- _Problem requirements_
Find every line below where the string "Technical" shows up, and copy those lines.

- _Provided records_
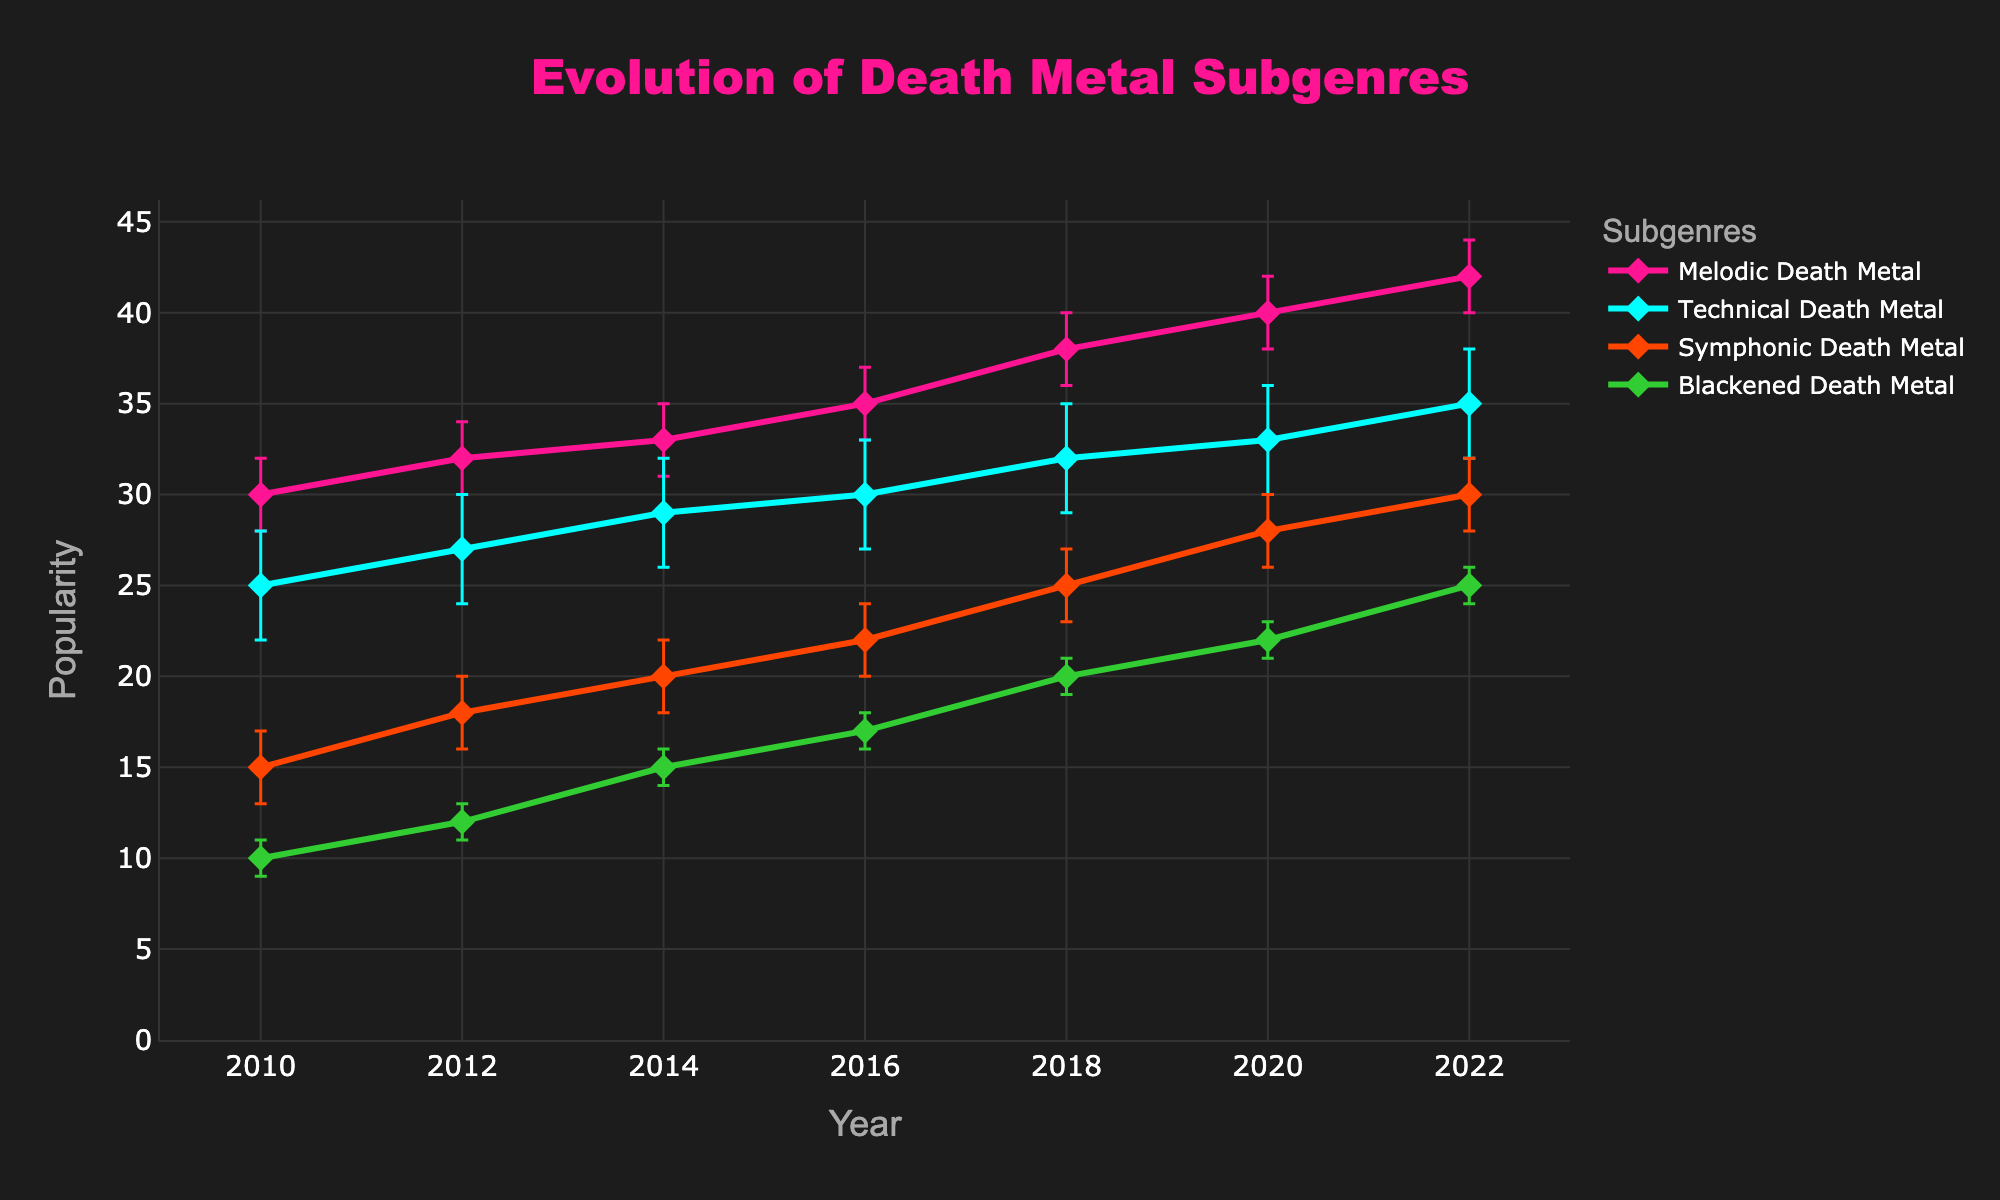What's the title of the figure? The title of the figure is usually placed at the top center and is larger and bolder compared to other text elements. In this case, it reads "Evolution of Death Metal Subgenres".
Answer: Evolution of Death Metal Subgenres What does the y-axis represent? The y-axis typically has a label indicating what it measures. Here, the y-axis represents "Popularity".
Answer: Popularity Which genre had the highest popularity in 2010? By looking at the data points for the year 2010, we can compare the popularity values. Melodic Death Metal has the highest popularity (30) for 2010.
Answer: Melodic Death Metal How has the popularity of Symphonic Death Metal changed from 2010 to 2022? By comparing the data points for Symphonic Death Metal from 2010 to 2022, we notice an increase from 15 to 30.
Answer: Increased In which year did Technical Death Metal first reach a popularity of 30? By following the data points for Technical Death Metal, we find that it first reaches a popularity of 30 in 2016.
Answer: 2016 How much did the popularity of Blackened Death Metal increase from 2010 to 2020? The popularity of Blackened Death Metal in 2010 was 10, and it increased to 22 in 2020. The increase is 22 - 10 = 12.
Answer: 12 Which subgenre shows the smallest margin of error in 2022? By looking at the error bars for 2022, Blackened Death Metal shows the smallest margin of error, which is 1.
Answer: Blackened Death Metal Compare the popularity trend of Melodic Death Metal and Technical Death Metal from 2010 to 2022. Which genre shows a steeper increase? Melodic Death Metal goes from 30 to 42 (an increase of 12), while Technical Death Metal goes from 25 to 35 (an increase of 10). Melodic Death Metal shows a steeper increase.
Answer: Melodic Death Metal What was the popularity of Symphonic Death Metal in the year 2014, including the margin of error? The popularity of Symphonic Death Metal in 2014 was 20 with a margin of error of ±2.
Answer: 20 ±2 
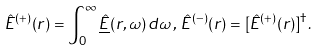Convert formula to latex. <formula><loc_0><loc_0><loc_500><loc_500>\hat { E } ^ { ( + ) } ( r ) = \int _ { 0 } ^ { \infty } \underline { \hat { E } } ( r , \omega ) \, d \omega \, , \, \hat { E } ^ { ( - ) } ( r ) = [ \hat { E } ^ { ( + ) } ( r ) ] ^ { \dag } .</formula>

- _Answer box_
Answer: Increased In which year did Technical Death Metal first reach a popularity of 30? By following the data points for Technical Death Metal, we find that it first reaches a popularity of 30 in 2016.
Answer: Blackened Death Metal Compare the popularity trend of Melodic Death Metal and Technical Death Metal from 2010 to 2022. Which genre shows a steeper increase? Melodic Death Metal goes from 30 to 42 (an increase of 12), while Technical Death Metal goes from 25 to 35 (an increase of 10). Melodic Death Metal shows a steeper increase.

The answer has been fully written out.